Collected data
==*==
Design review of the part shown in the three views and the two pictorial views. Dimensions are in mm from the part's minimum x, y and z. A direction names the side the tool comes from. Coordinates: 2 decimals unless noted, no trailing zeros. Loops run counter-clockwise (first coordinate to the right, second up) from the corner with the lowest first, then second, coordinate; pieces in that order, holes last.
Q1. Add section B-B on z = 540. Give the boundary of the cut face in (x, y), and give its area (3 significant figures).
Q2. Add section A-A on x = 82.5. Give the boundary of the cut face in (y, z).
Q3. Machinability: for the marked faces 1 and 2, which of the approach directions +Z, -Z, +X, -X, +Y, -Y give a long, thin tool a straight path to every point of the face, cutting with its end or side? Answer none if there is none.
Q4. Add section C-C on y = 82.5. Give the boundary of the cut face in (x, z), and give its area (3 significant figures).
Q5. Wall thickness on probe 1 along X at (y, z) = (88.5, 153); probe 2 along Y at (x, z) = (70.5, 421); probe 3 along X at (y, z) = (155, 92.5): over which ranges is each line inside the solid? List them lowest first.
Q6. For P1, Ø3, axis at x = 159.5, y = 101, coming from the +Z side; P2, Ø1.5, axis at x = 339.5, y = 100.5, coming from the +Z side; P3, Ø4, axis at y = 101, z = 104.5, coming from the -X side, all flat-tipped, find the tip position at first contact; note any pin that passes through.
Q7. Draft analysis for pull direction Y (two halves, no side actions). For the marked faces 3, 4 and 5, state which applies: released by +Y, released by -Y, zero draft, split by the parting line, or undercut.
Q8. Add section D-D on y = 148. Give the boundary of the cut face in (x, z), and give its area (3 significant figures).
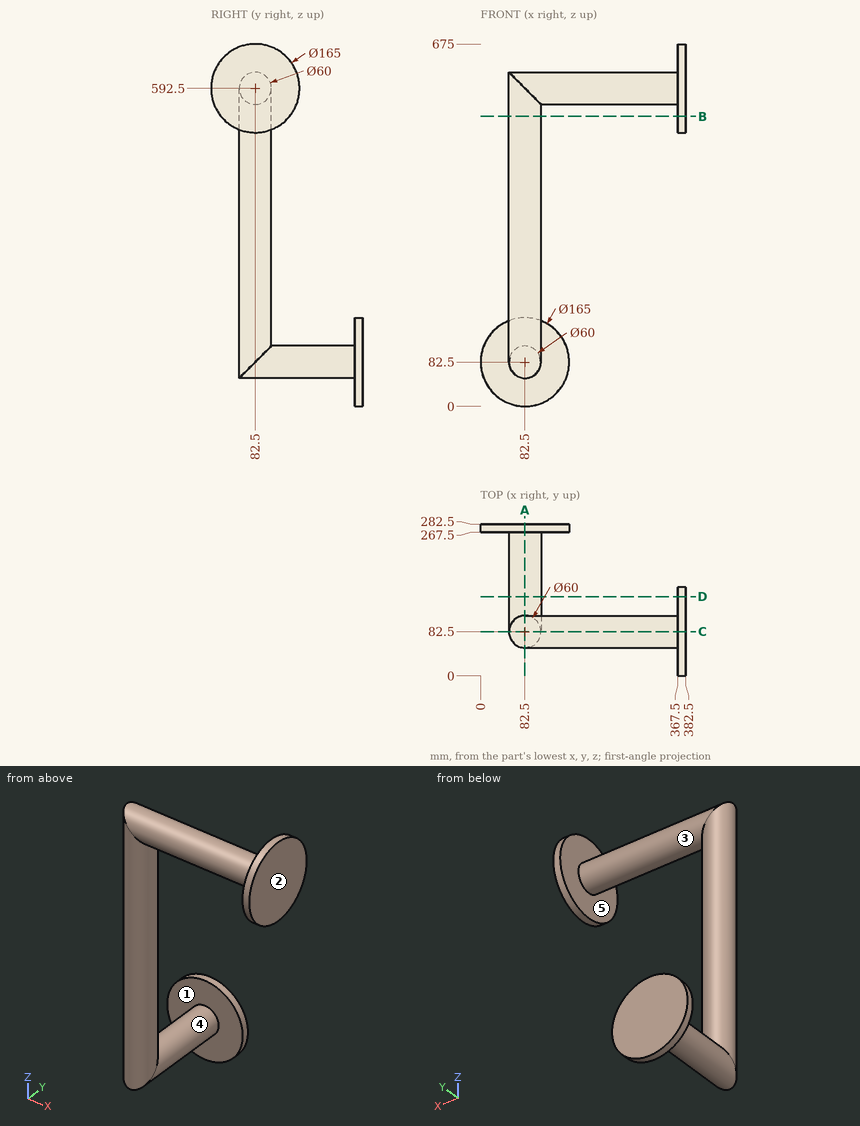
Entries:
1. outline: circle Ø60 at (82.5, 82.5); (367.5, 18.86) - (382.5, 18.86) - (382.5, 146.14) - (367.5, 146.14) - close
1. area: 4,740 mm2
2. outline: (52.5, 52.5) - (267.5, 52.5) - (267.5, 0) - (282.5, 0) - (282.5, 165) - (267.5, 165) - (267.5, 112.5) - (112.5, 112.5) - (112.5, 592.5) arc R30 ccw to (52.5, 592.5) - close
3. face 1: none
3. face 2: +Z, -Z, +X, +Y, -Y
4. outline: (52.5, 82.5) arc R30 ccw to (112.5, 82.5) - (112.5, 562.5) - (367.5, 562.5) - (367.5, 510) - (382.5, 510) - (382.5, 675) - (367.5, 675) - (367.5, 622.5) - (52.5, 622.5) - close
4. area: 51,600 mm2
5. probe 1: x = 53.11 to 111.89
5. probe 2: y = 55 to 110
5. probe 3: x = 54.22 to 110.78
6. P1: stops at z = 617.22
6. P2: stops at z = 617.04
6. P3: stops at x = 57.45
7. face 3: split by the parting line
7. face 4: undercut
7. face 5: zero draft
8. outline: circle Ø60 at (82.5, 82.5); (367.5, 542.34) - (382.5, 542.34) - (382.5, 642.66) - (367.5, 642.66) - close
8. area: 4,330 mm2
==*==
## YOUR OBJECTIVE
Each line that contains the string "none" should be copied from the data above.

## WORKED SOLUTION
Q3. Machinability: for the marked faces 1 and 2, which of the approach directions +Z, -Z, +X, -X, +Y, -Y give a long, thin tool a straight path to every point of the face, cutting with its end or side? Answer none if there is none.
3. face 1: none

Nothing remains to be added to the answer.